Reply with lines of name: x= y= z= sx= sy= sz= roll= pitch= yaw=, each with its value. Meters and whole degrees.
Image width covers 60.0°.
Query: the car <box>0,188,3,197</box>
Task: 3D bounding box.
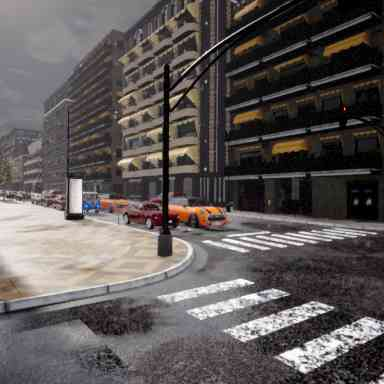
car: x=-39.078 y=0.301 z=69.341 sx=2.008 sy=1.369 sz=4.403 roll=2 pitch=0 yaw=-36

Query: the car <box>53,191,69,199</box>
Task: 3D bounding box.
car: x=-25.747 y=0.529 z=65.277 sx=1.752 sy=1.417 sz=4.829 roll=2 pitch=0 yaw=-36

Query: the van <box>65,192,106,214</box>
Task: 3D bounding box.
van: x=-9.090 y=0.881 z=28.197 sx=1.690 sy=1.788 sz=3.998 roll=2 pitch=0 yaw=-36

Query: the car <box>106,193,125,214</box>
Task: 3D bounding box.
car: x=-6.829 y=0.922 z=29.476 sx=2.097 sy=1.767 sz=4.553 roll=1 pitch=0 yaw=-36

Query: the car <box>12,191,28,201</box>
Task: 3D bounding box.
car: x=-25.749 y=0.541 z=51.055 sx=1.967 sy=1.590 sz=4.097 roll=2 pitch=0 yaw=-36

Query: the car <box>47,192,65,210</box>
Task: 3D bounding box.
car: x=-12.427 y=0.997 z=32.768 sx=1.887 sy=1.381 sz=4.507 roll=2 pitch=0 yaw=-36

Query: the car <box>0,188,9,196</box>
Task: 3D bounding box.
car: x=-42.402 y=-0.022 z=73.913 sx=2.192 sy=1.841 sz=5.009 roll=2 pitch=0 yaw=-36

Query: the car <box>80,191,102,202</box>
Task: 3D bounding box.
car: x=-15.650 y=0.710 z=51.425 sx=1.967 sy=1.590 sz=4.097 roll=2 pitch=0 yaw=-36

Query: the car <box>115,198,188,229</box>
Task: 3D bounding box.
car: x=-2.434 y=1.261 z=19.053 sx=1.887 sy=1.381 sz=4.507 roll=2 pitch=0 yaw=-36

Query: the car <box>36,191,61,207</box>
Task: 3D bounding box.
car: x=-15.759 y=0.909 z=37.340 sx=1.887 sy=1.381 sz=4.507 roll=2 pitch=0 yaw=-36

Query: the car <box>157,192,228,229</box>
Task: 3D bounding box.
car: x=0.110 y=1.106 z=19.902 sx=2.097 sy=1.767 sz=4.553 roll=1 pitch=0 yaw=-35

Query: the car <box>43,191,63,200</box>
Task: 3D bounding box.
car: x=-25.090 y=0.599 z=59.983 sx=2.033 sy=1.411 sz=5.357 roll=1 pitch=0 yaw=-38

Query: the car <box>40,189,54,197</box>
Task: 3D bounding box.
car: x=-32.307 y=0.272 z=74.283 sx=1.967 sy=1.590 sz=4.097 roll=2 pitch=0 yaw=-36

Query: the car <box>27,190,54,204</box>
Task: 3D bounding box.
car: x=-18.990 y=0.805 z=41.774 sx=1.752 sy=1.417 sz=4.829 roll=2 pitch=0 yaw=-36

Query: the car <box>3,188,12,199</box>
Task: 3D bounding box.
car: x=-32.416 y=0.470 z=60.198 sx=1.887 sy=1.381 sz=4.507 roll=2 pitch=0 yaw=-36

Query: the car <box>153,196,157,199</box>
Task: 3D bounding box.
car: x=-2.322 y=0.936 z=33.138 sx=2.192 sy=1.841 sz=5.009 roll=2 pitch=0 yaw=-36

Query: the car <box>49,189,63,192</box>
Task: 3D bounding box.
car: x=-18.221 y=0.620 z=45.196 sx=2.097 sy=1.767 sz=4.553 roll=1 pitch=1 yaw=-36

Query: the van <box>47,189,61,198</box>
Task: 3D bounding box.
van: x=-28.973 y=0.260 z=69.711 sx=1.690 sy=1.788 sz=3.998 roll=2 pitch=0 yaw=-36

***

**EXERCISE DIRECTIONS:** Everything in the entries above should be transcribed exactly, apart from the pictures.

**OUTPUT BELOW:**
Reply with lines of name: x= y= z= sx= sy= sz= roll= pitch= yaw=, each with its value. Meters and whole degrees.
Image width covers 60.0°.
Query: the car <box>0,188,3,197</box>
Task: 3D bounding box.
car: x=-39.078 y=0.301 z=69.341 sx=2.008 sy=1.369 sz=4.403 roll=2 pitch=0 yaw=-36

Query: the car <box>53,191,69,199</box>
Task: 3D bounding box.
car: x=-25.747 y=0.529 z=65.277 sx=1.752 sy=1.417 sz=4.829 roll=2 pitch=0 yaw=-36

Query: the van <box>65,192,106,214</box>
Task: 3D bounding box.
van: x=-9.090 y=0.881 z=28.197 sx=1.690 sy=1.788 sz=3.998 roll=2 pitch=0 yaw=-36

Query: the car <box>106,193,125,214</box>
Task: 3D bounding box.
car: x=-6.829 y=0.922 z=29.476 sx=2.097 sy=1.767 sz=4.553 roll=1 pitch=0 yaw=-36

Query: the car <box>12,191,28,201</box>
Task: 3D bounding box.
car: x=-25.749 y=0.541 z=51.055 sx=1.967 sy=1.590 sz=4.097 roll=2 pitch=0 yaw=-36

Query: the car <box>47,192,65,210</box>
Task: 3D bounding box.
car: x=-12.427 y=0.997 z=32.768 sx=1.887 sy=1.381 sz=4.507 roll=2 pitch=0 yaw=-36

Query: the car <box>0,188,9,196</box>
Task: 3D bounding box.
car: x=-42.402 y=-0.022 z=73.913 sx=2.192 sy=1.841 sz=5.009 roll=2 pitch=0 yaw=-36

Query: the car <box>80,191,102,202</box>
Task: 3D bounding box.
car: x=-15.650 y=0.710 z=51.425 sx=1.967 sy=1.590 sz=4.097 roll=2 pitch=0 yaw=-36

Query: the car <box>115,198,188,229</box>
Task: 3D bounding box.
car: x=-2.434 y=1.261 z=19.053 sx=1.887 sy=1.381 sz=4.507 roll=2 pitch=0 yaw=-36

Query: the car <box>36,191,61,207</box>
Task: 3D bounding box.
car: x=-15.759 y=0.909 z=37.340 sx=1.887 sy=1.381 sz=4.507 roll=2 pitch=0 yaw=-36

Query: the car <box>157,192,228,229</box>
Task: 3D bounding box.
car: x=0.110 y=1.106 z=19.902 sx=2.097 sy=1.767 sz=4.553 roll=1 pitch=0 yaw=-35

Query: the car <box>43,191,63,200</box>
Task: 3D bounding box.
car: x=-25.090 y=0.599 z=59.983 sx=2.033 sy=1.411 sz=5.357 roll=1 pitch=0 yaw=-38

Query: the car <box>40,189,54,197</box>
Task: 3D bounding box.
car: x=-32.307 y=0.272 z=74.283 sx=1.967 sy=1.590 sz=4.097 roll=2 pitch=0 yaw=-36

Query: the car <box>27,190,54,204</box>
Task: 3D bounding box.
car: x=-18.990 y=0.805 z=41.774 sx=1.752 sy=1.417 sz=4.829 roll=2 pitch=0 yaw=-36

Query: the car <box>3,188,12,199</box>
Task: 3D bounding box.
car: x=-32.416 y=0.470 z=60.198 sx=1.887 sy=1.381 sz=4.507 roll=2 pitch=0 yaw=-36

Query: the car <box>153,196,157,199</box>
Task: 3D bounding box.
car: x=-2.322 y=0.936 z=33.138 sx=2.192 sy=1.841 sz=5.009 roll=2 pitch=0 yaw=-36

Query: the car <box>49,189,63,192</box>
Task: 3D bounding box.
car: x=-18.221 y=0.620 z=45.196 sx=2.097 sy=1.767 sz=4.553 roll=1 pitch=1 yaw=-36

Query: the van <box>47,189,61,198</box>
Task: 3D bounding box.
van: x=-28.973 y=0.260 z=69.711 sx=1.690 sy=1.788 sz=3.998 roll=2 pitch=0 yaw=-36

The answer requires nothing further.